Matt recently lent me a copy of
The Four Hour Work Week by Timothy Ferris and while I think that Ferris is an arrogant jerk, I think the book is quite good. Would I do everything he suggests? No, probably not. But I am currently doing some of the things and it is working.
The whole idea is not to work only four hours a week, but instead to do what you want — instead of filling your days with working you instead should be doing the things that you want to do. To put it more succinctly, you should work to live, not live to work.
Here are some questions from the book that got an interesting discussion between Gina and I — If you had $100 million in the bank, what would you do every day? Or what would about your day would get you excited just as you woke up in the morning?

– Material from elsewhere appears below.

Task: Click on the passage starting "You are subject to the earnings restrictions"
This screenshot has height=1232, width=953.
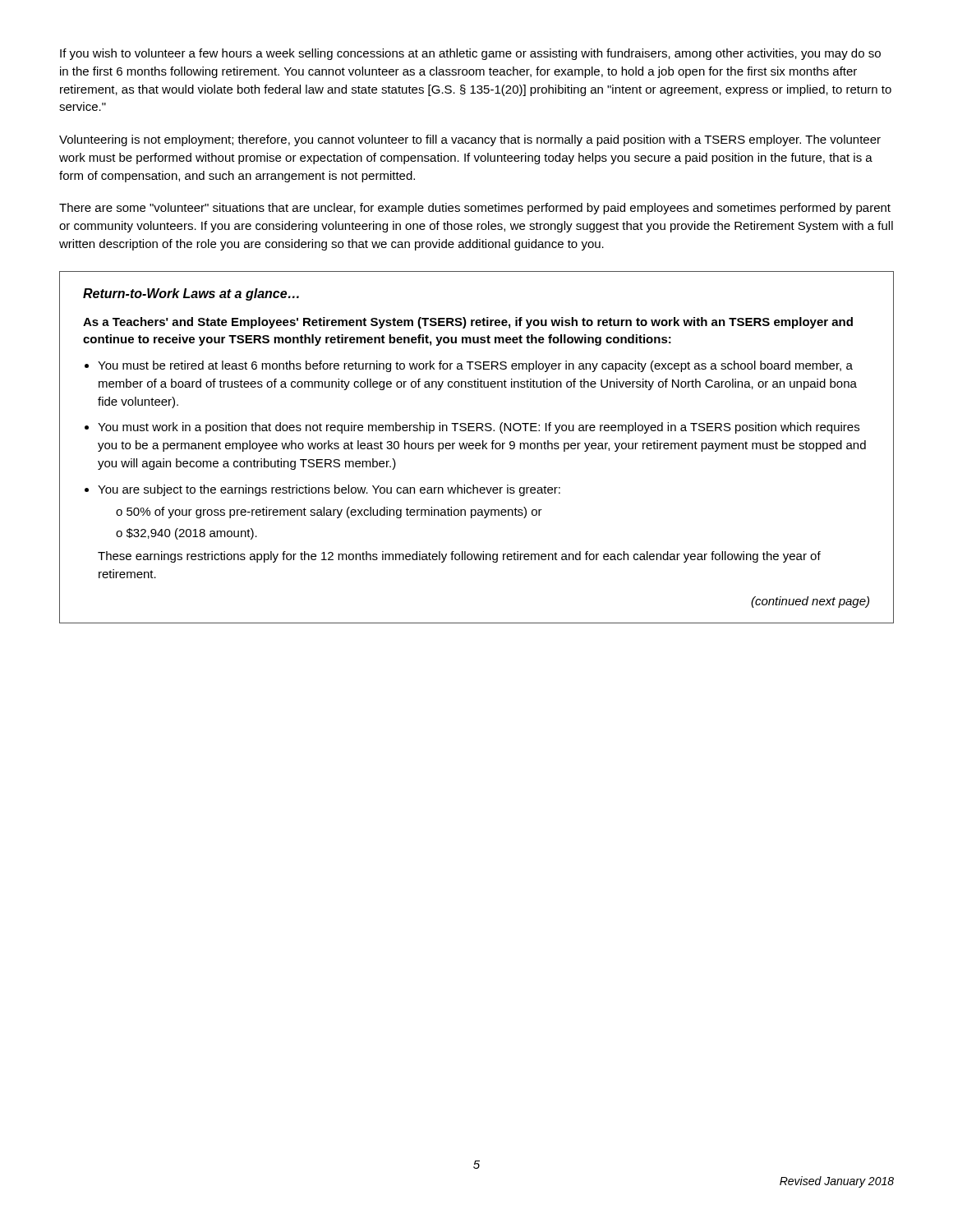Action: tap(329, 490)

Here are some work tips that I am trying to implement. I’m not as adamant about them as he is, but they are working.
- Avoid meetings whenever possible. Simply say that you don’t have the time.
- Avoid any and all interruptions. I have big headphones and they help avoid the “chatters” who walk by my cube.

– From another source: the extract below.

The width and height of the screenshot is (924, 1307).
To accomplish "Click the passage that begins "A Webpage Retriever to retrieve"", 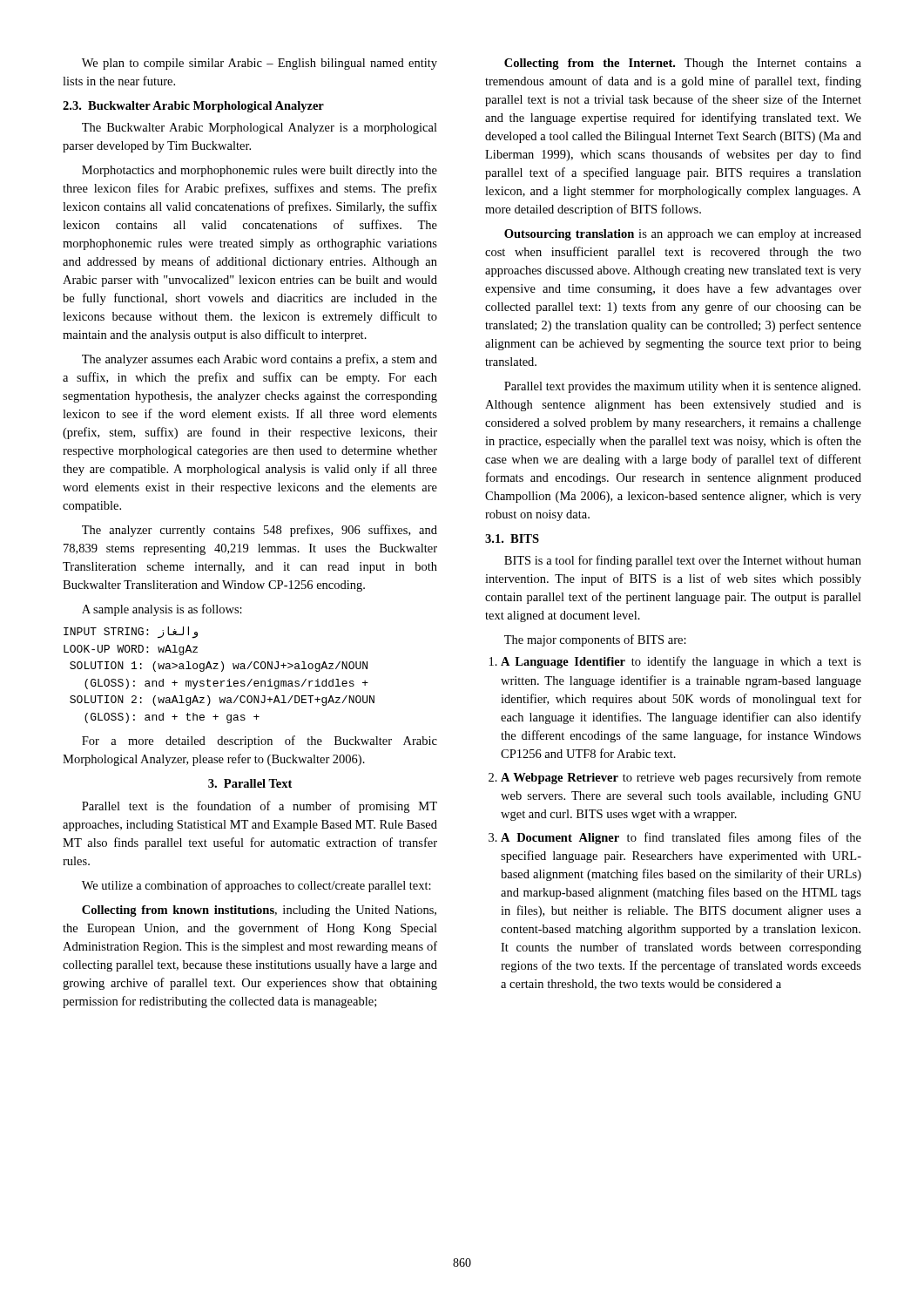I will (x=673, y=796).

- Only check email twice a day — and never right away in the morning. He suggests 11am and 4pm. Due to my 7am-4pm schedule, I do it 10am and at 3pm. And not checking it right away in the morning is a huge help.
- Work in batches. This is especially helpful and something that I was kinda going anyway. Save common task at one time and just get * them done. It’s amazing how fast you get things done when you do this.
All of the above things are related — they really just come down to two of the rules — work in batches and avoid interruptions.